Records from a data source
_ _ _ _

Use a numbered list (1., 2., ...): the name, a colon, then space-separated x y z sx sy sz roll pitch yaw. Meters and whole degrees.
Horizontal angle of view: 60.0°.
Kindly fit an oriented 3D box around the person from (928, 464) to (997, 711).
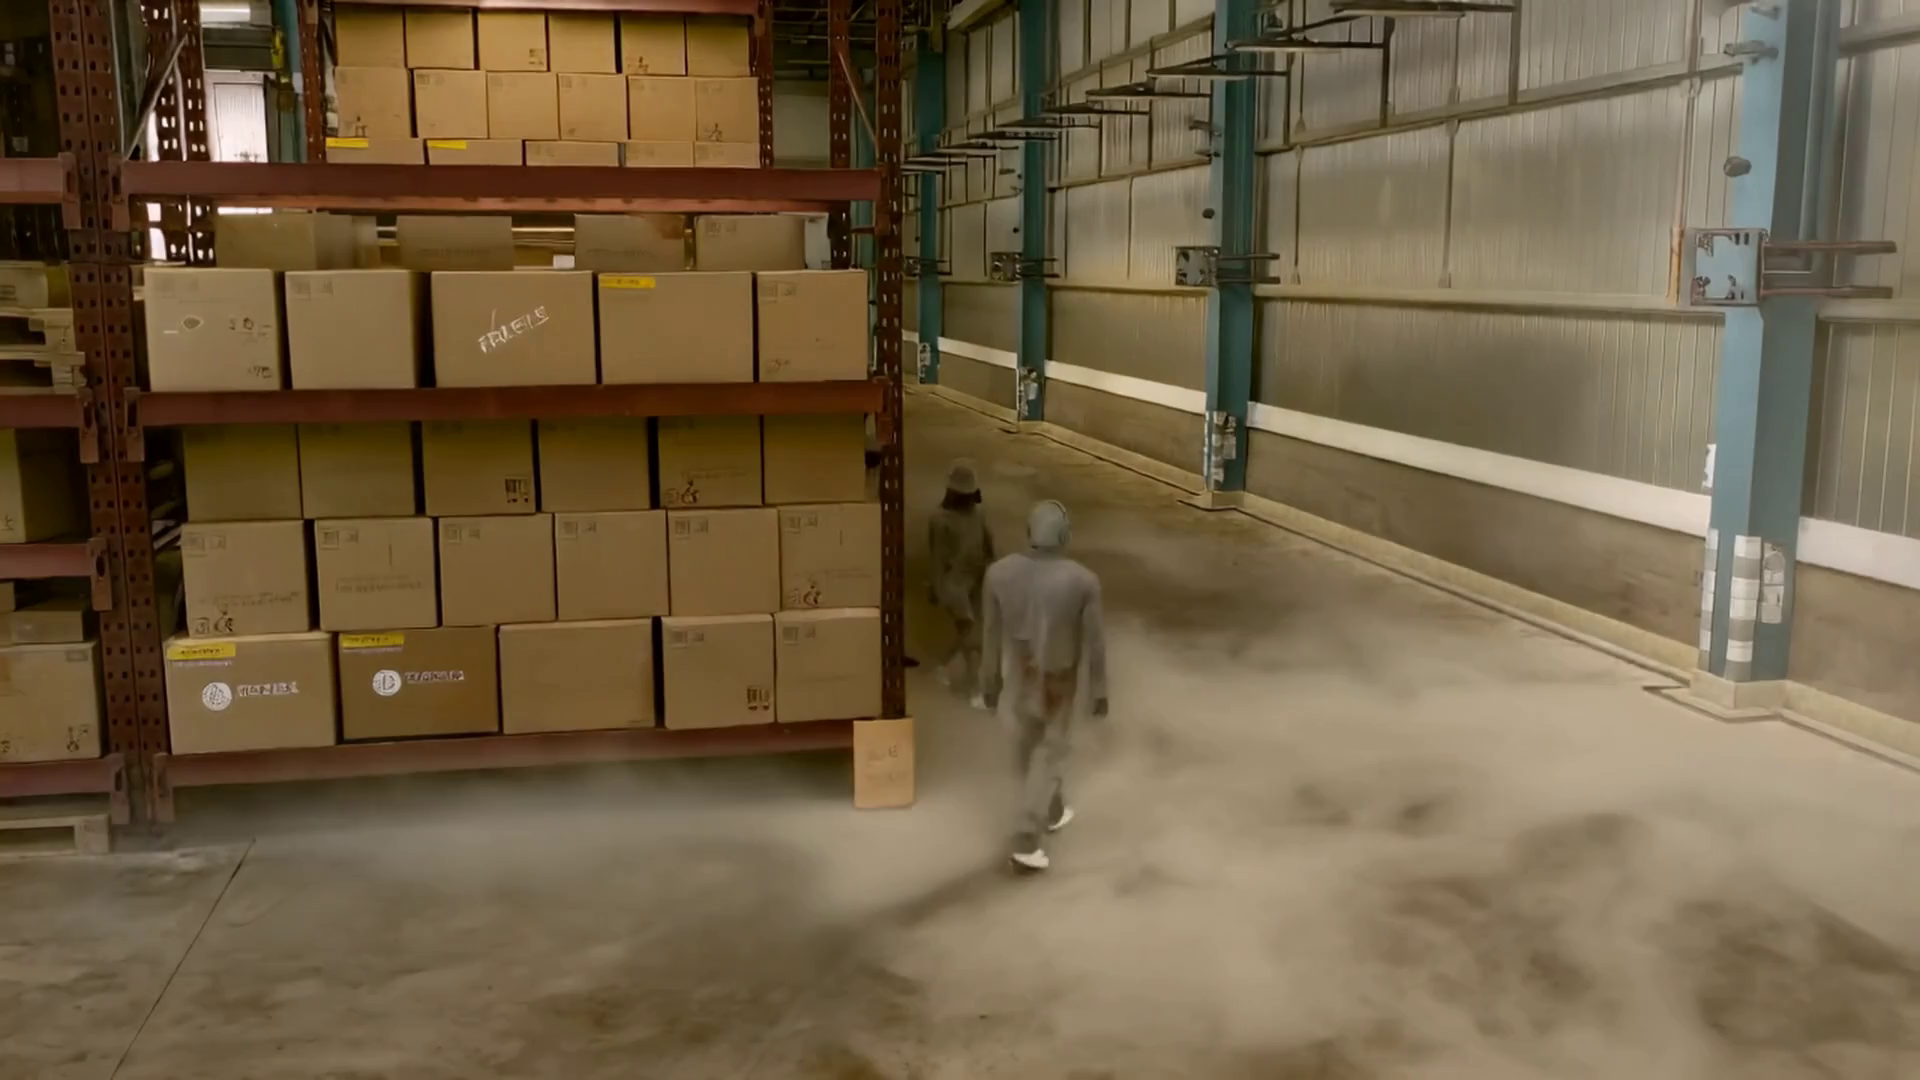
1. person: -0.022 0.295 11.584 0.520 1.706 0.743 -5 11 -29

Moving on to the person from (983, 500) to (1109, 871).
1. person: 0.442 0.722 8.553 0.656 1.860 0.981 6 11 31

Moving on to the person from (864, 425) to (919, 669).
1. person: -0.741 0.094 12.248 0.901 1.896 0.547 -3 10 -20

_ _ _ _

- Goal of the exercise -
Return an exact transcription of the entries above, excluding each image.

- Output of the task -
Use a numbered list (1., 2., ...): the name, a colon, then space-separated x y z sx sy sz roll pitch yaw. Meters and whole degrees.
Horizontal angle of view: 60.0°.
Kindly fit an oriented 3D box around the person from (928, 464) to (997, 711).
1. person: -0.022 0.295 11.584 0.520 1.706 0.743 -5 11 -29

Moving on to the person from (983, 500) to (1109, 871).
1. person: 0.442 0.722 8.553 0.656 1.860 0.981 6 11 31

Moving on to the person from (864, 425) to (919, 669).
1. person: -0.741 0.094 12.248 0.901 1.896 0.547 -3 10 -20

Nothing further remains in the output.